Softley's cast do him good service here, with Kate Hudson, John Hurt and Peter Sarsgaard. And without its ending The Skeleton Key still has plenty about it to recommend it. But with it? It lifts itself into the kind of movie that very much doesn't let you down at the final proverbial hurdle.
15. The Notorious Bettie Page
Some of the best biopics partly work because they take you into a world you know very little about. Others work because the central performance is so strong. In the case of The Notorious Bettie Page, both ingredients are active, even if the movie itself is a bit bumpy.
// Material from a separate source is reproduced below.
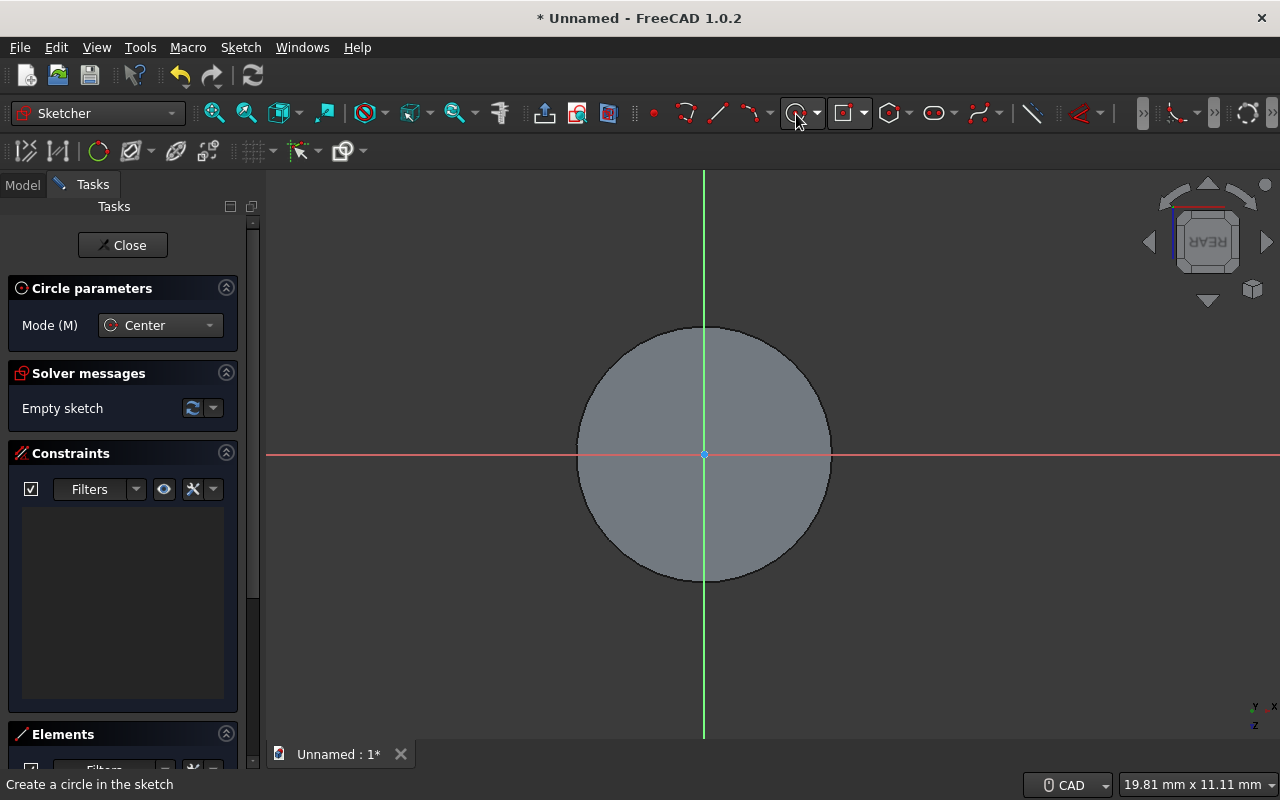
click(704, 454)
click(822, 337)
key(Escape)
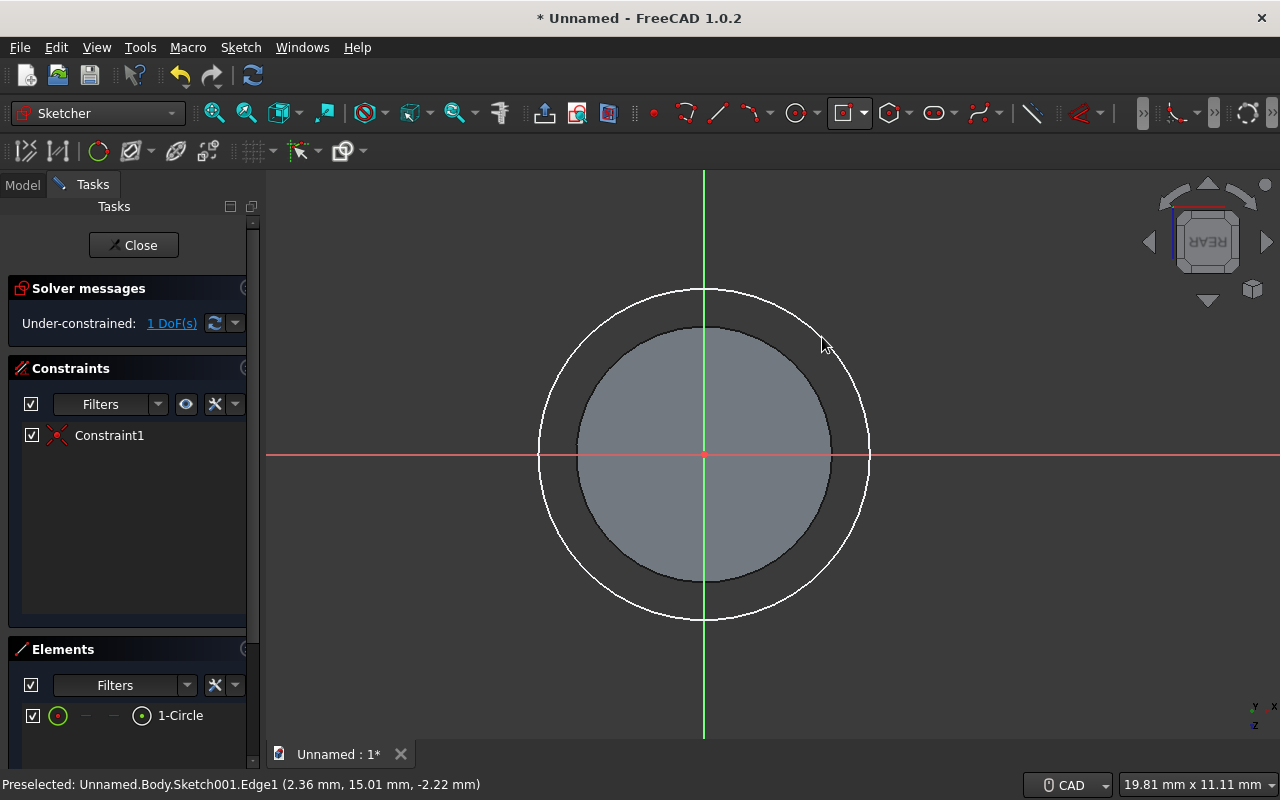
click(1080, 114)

Bettie Page was a pin-up erotica model of the 1950s, and the notoriety that came from that would in large part define her career. Gretchen Mol brings her very much to life on the screen, and it's a tough life too. Mary Harron, who previously helmed American Psycho, mixes in a somber look at the impact of pornography (more successfully than the recent Lovelace) as well. But it's Mol who remains the main reason to see the movie. She's never been better.
14. Thank You For Smoking
It's frightening to think how good the boxset of Jason Reitman's work is going to be once he comes to the end of his directorial career. Juno is the movie for which he's most noted, but just look at Young Adult, Labor Day and Up In The Air for a demonstration of range and talent.
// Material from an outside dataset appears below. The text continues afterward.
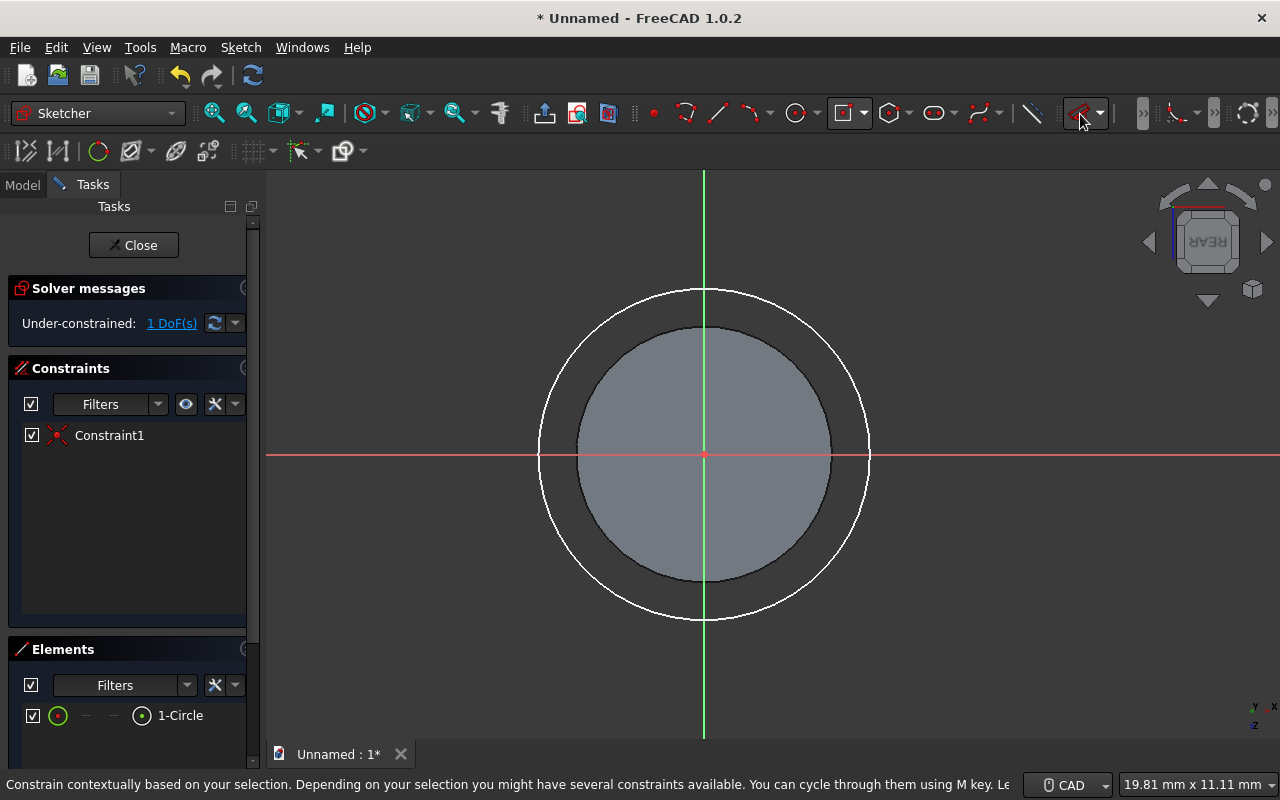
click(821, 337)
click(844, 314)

Also, check out the movie that arguably put him on the map. Thank You For Smoking is Reitman's first full-length feature, and it's got an edge to it that's in some way defined his movie theater since. Mixing satire and drama, Aaron Eckhardt stars as a lobbyist for tobacco companies in a movie dripping with wit, and let down a little by how much work it's trying to do. It's not Reitman's best movie, certainly, but Thank You For Smoking is still a very good one, It's smart too, and played strongly by its impressive cast. And: nobody smokes a cigarette in it, ever. That's the kind of trivia that wins bar quizzes, friends...
13. The Jacket
This science fiction drama isn't without its flaws, but we'd argue that critics were a little harsh to The Jacket when it appeared just under a decade ago. Playing out vaguely like a low-key mix of Twelve Monkeys and Ken Russell's bonkers Altered States, The Jacket's about Gulf War veteran Jack (Adrien Brody) who finds that, while secured in a straightjacket in a mental institution, he can project his consciousness forward in time.
In the future, the ex-soldier meets a woman named Jackie (Keira Knightley) whose fate is bound up with a sad event in the former's past. Director John Maybury's movie flits between the years 1993 (where Jack's in the institution) and the year 2007, where Jack gradually changes Jackie's life for the better.
The story's a simple one, and doesn't exactly build to an earth-shattering conclusion, but until then, The Jacket engages with its moving drama, quality of acting, and some arrestingly chilly visuals. The result isn't the best time-travel movie ever made, but one that is nevertheless strongly recommended.
12. A Cock And Bull Story
A movie-within-a-movie about a doomed attempt to adapt the novel Tristram Shandy for the screen, A Cock And Bull Story stars Steve Coogan and Rob Brydon, who play the same heightened versions of themselves we'd see in TV's The Trip a few years later (also directed by the prolific Michael Winterbottom). Coogan and Brydon gamely snipe at one another over their roles in the movie, their previous work (Coogan's Alan Patridge is a common point of reference, understandably) and their physical attributes.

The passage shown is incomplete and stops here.